The trick is part of a range of techniques developed by officials to keep Mr Trump's infamously short attention span focused on important information.
Officials have also learnt to keep all reports to a single page, and to include as many pictures, maps, charts and graphs as possible.
The President also likes to look at a map of wherever he is reading about, officials said.
"He likes to visualize things," said a senior administration official. "The guy's a builder. He has spent his whole life looking at architectural renderings and floor plans."
The details emerged as people close to the President worried that he may not be able to stick to the script and avoid more problems as he heads out on his first foreign trip. Officials are worried that Mr Trump's lack of focus and attention to detail could cause problems as he visits Arab leaders in Saudi Arabia, Israeli and Palestinian leaders in Israel and the West Bank, the pope at the Vatican, NATO leaders in Brussels and G7 counterparts in Sicily.
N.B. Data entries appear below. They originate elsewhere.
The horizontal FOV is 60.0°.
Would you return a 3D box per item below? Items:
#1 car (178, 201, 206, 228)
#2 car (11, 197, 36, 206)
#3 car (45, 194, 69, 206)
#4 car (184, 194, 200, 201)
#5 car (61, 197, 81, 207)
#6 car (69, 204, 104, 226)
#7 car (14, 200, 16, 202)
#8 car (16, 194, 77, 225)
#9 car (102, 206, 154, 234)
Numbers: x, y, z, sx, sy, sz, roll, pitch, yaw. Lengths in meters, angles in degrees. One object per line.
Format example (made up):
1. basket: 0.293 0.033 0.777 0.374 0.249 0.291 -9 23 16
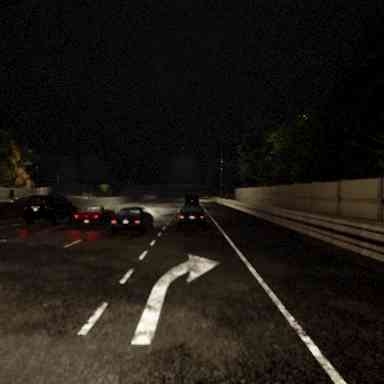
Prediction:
1. car: -0.002 1.587 22.731 2.033 1.411 5.357 0 0 0
2. car: -31.503 1.708 62.330 2.128 1.511 4.902 0 0 0
3. car: -24.507 1.392 60.678 2.150 2.045 5.566 0 0 0
4. car: -0.002 1.349 49.443 2.150 2.045 5.566 0 0 0
5. car: -21.004 1.692 58.005 1.812 1.442 4.674 0 1 0
6. car: -6.900 1.644 24.013 1.895 1.301 4.718 0 0 0
7. car: -28.006 1.679 55.118 1.812 1.442 4.674 0 1 0
8. car: -10.402 1.267 24.771 2.150 2.045 5.566 0 0 0
9. car: -3.402 1.580 19.544 2.033 1.411 5.357 0 0 0
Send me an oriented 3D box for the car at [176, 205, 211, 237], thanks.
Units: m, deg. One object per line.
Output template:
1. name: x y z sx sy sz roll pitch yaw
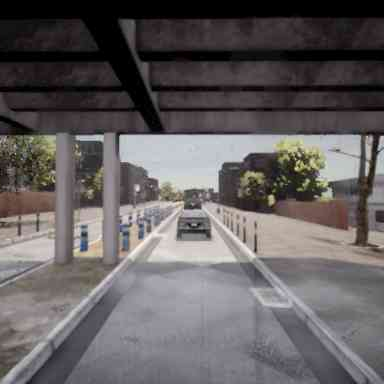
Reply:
1. car: 0.094 1.664 18.675 2.033 1.411 5.357 0 -1 0

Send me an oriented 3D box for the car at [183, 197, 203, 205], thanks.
1. car: 0.099 1.677 42.281 2.150 2.045 5.566 0 -1 0
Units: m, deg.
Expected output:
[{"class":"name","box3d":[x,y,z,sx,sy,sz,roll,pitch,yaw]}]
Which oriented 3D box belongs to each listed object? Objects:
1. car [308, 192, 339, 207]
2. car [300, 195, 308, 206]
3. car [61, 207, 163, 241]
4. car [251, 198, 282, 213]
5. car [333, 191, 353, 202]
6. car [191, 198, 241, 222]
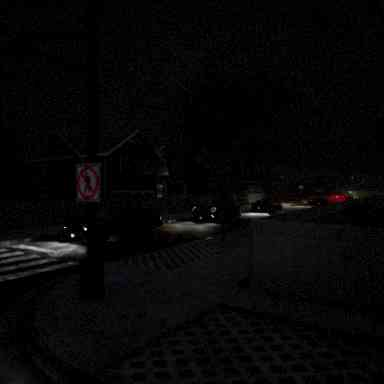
[{"class":"car","box3d":[16.083,1.142,40.519,1.882,1.535,5.008,0,1,35]},{"class":"car","box3d":[16.453,1.146,45.945,1.812,1.442,4.674,0,0,36]},{"class":"car","box3d":[-3.654,1.457,16.469,2.033,1.411,5.357,0,1,34]},{"class":"car","box3d":[7.395,1.314,32.868,1.994,1.385,4.181,0,1,35]},{"class":"car","box3d":[21.934,0.798,48.679,2.150,2.045,5.566,0,1,38]},{"class":"car","box3d":[1.857,1.183,24.670,2.097,1.767,4.553,0,1,34]}]
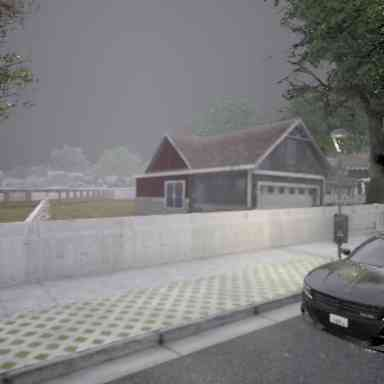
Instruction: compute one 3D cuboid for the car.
[{"bbox_3d":[4.013,1.454,5.921,5.008,1.535,1.882,0,0,-35],"label":"car"}]
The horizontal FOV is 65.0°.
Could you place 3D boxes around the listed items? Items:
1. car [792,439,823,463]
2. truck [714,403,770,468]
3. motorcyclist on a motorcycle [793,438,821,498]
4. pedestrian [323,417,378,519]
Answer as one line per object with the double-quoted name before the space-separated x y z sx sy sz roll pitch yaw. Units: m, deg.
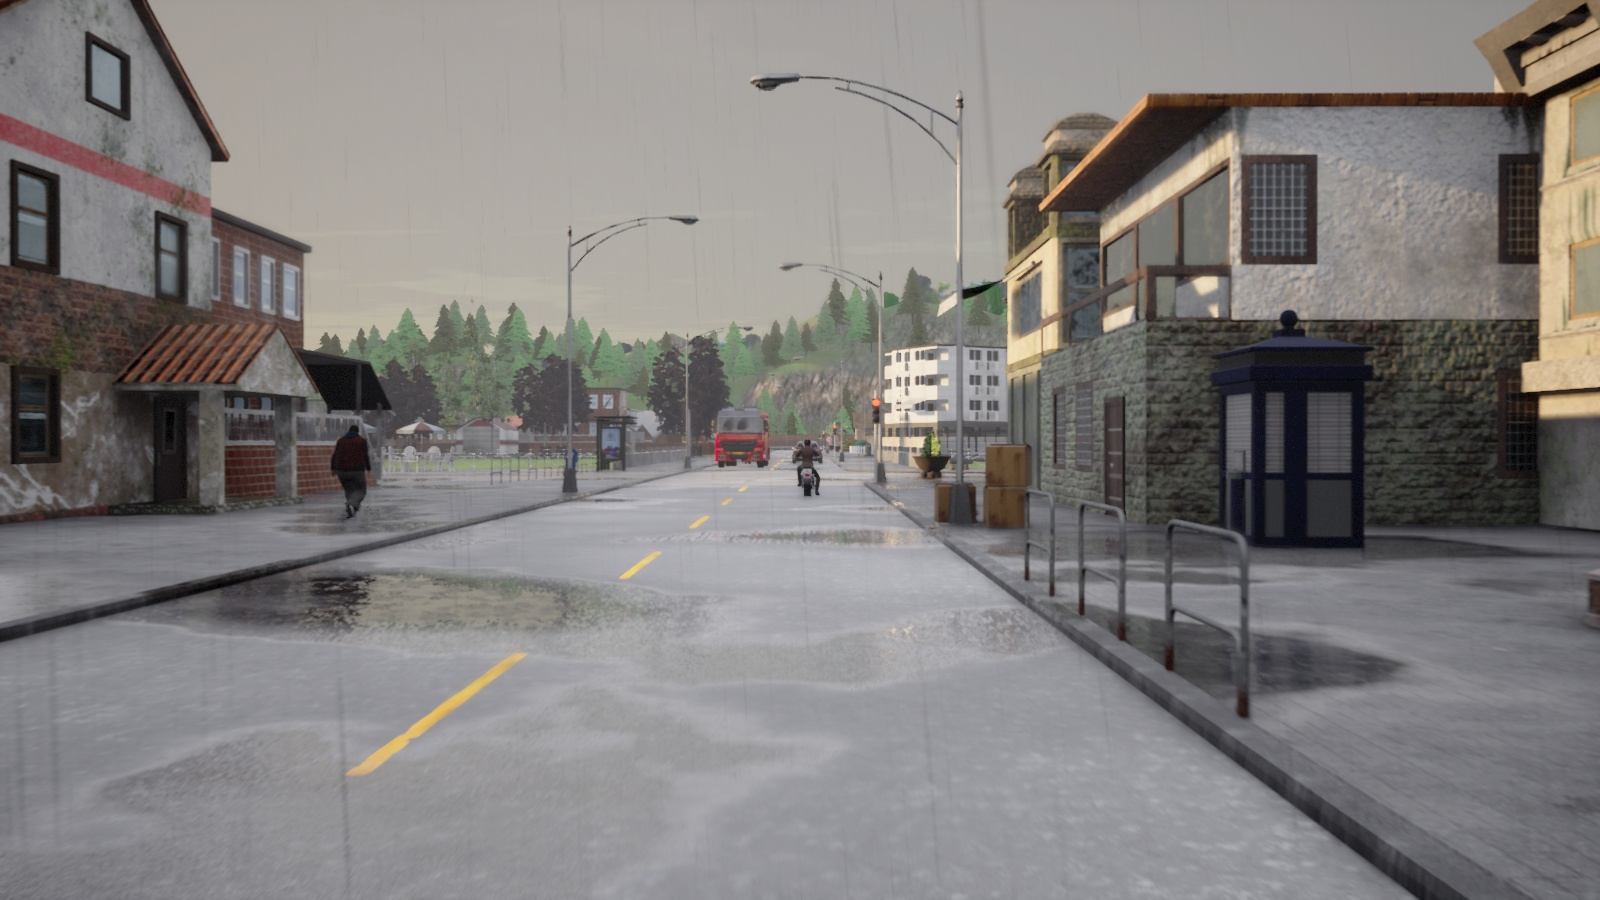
"car" 0.532 0.079 90.950 2.242 1.667 4.611 0 0 0
"truck" -3.503 -0.861 78.150 2.891 3.827 8.468 0 0 2
"motorcyclist on a motorcycle" 0.213 0.496 35.686 0.766 1.649 2.350 0 0 1
"pedestrian" -8.292 0.316 23.196 0.634 1.844 0.899 0 0 5
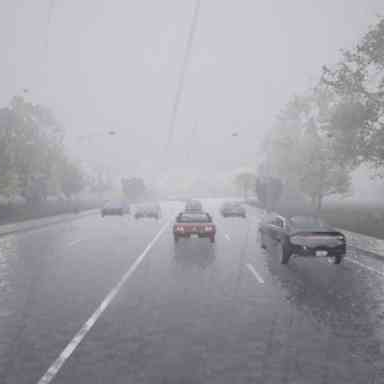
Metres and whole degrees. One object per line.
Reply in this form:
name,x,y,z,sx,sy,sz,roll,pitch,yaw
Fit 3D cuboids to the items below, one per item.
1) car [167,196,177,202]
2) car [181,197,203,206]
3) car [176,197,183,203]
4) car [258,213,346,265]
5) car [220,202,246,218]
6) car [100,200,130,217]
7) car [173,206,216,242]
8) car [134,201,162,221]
car,-4.072,1.512,73.122,1.812,1.442,4.674,0,0,10
car,0.170,1.548,35.624,2.033,1.411,5.357,0,0,1
car,-1.324,1.586,68.051,1.895,1.301,4.718,0,0,8
car,3.602,1.492,11.678,2.128,1.511,4.902,0,0,0
car,3.626,1.564,30.143,1.994,1.385,4.181,0,0,0
car,-7.056,1.477,30.969,1.882,1.535,5.008,0,0,1
car,0.101,1.601,16.411,1.895,1.301,4.718,0,0,0
car,-3.575,1.526,27.664,1.812,1.442,4.674,0,0,0
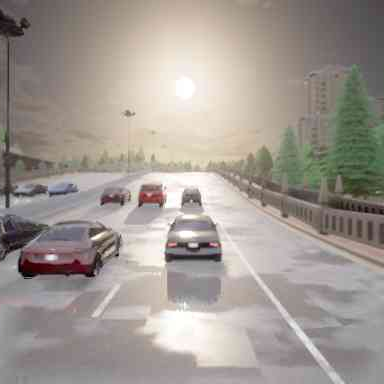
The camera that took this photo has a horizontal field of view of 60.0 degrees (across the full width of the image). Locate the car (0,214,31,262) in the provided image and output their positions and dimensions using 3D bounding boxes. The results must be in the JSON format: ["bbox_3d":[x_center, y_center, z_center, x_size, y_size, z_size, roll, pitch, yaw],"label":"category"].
[{"bbox_3d":[-6.970,1.503,11.960,2.033,1.411,5.357,0,1,0],"label":"car"}]

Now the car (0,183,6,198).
[{"bbox_3d":[-21.288,-0.264,37.065,2.033,1.411,5.357,0,6,0],"label":"car"}]

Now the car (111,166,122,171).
[{"bbox_3d":[-17.917,-5.486,79.152,2.097,1.767,4.553,0,5,0],"label":"car"}]

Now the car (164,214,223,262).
[{"bbox_3d":[0.031,1.503,11.942,2.033,1.411,5.357,0,1,0],"label":"car"}]

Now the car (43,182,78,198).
[{"bbox_3d":[-14.285,-0.331,37.072,1.882,1.535,5.008,0,7,0],"label":"car"}]

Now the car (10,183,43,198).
[{"bbox_3d":[-17.789,-0.263,37.077,2.033,1.411,5.357,0,6,0],"label":"car"}]

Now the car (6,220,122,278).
[{"bbox_3d":[-3.469,1.551,10.189,1.994,1.385,4.181,0,1,0],"label":"car"}]

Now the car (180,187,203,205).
[{"bbox_3d":[-0.067,0.301,31.511,1.837,1.490,4.892,0,6,0],"label":"car"}]

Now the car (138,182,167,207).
[{"bbox_3d":[-3.560,0.116,30.447,2.150,2.045,5.566,0,5,0],"label":"car"}]

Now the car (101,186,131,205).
[{"bbox_3d":[-7.067,0.161,31.315,2.097,1.767,4.553,0,5,0],"label":"car"}]

One Republican official, who requested anonymity in order to speak freely, said after meeting Trump recently he did not think the president had a firm enough grasp on the nuances of the long-running Israeli-Palestinian conflict.
"I don't think he understands it," said the official, adding that Mr Trump needed more detailed briefings before leaving on Friday. "I think it's a very difficult challenge and I hope he's going to talk to a lot of smart people."
Mr Trump's supporters hope that trip could be an opportunity to put scandals like the firing of James Comey behind him and to launch new diplomatic relationships.
The President's trip will see him visit the birthplace of Islam – a gesture apparently meant to show that he doesn't consider the religion to be an enemy of America, as some of his campagn rhetoric had suggested. But officials were worried that he may slip up during the meetings.
Aides are worried that Mr Trump could end up speaking off-the-cuff and ruin the meetings, said one official.
"It can backfire, I mean it can seriously backfire," the official said.
Ari Fleischer, former press secretary to Bush, said that since the trip would be Trump's first overseas, the stakes were higher.
"The meaning and importance of his first trip abroad will be exaggerated, but it gives him a chance to get bipartisan accolades, or a chance to fail badly and have the failure exaggerated," Fleischer said.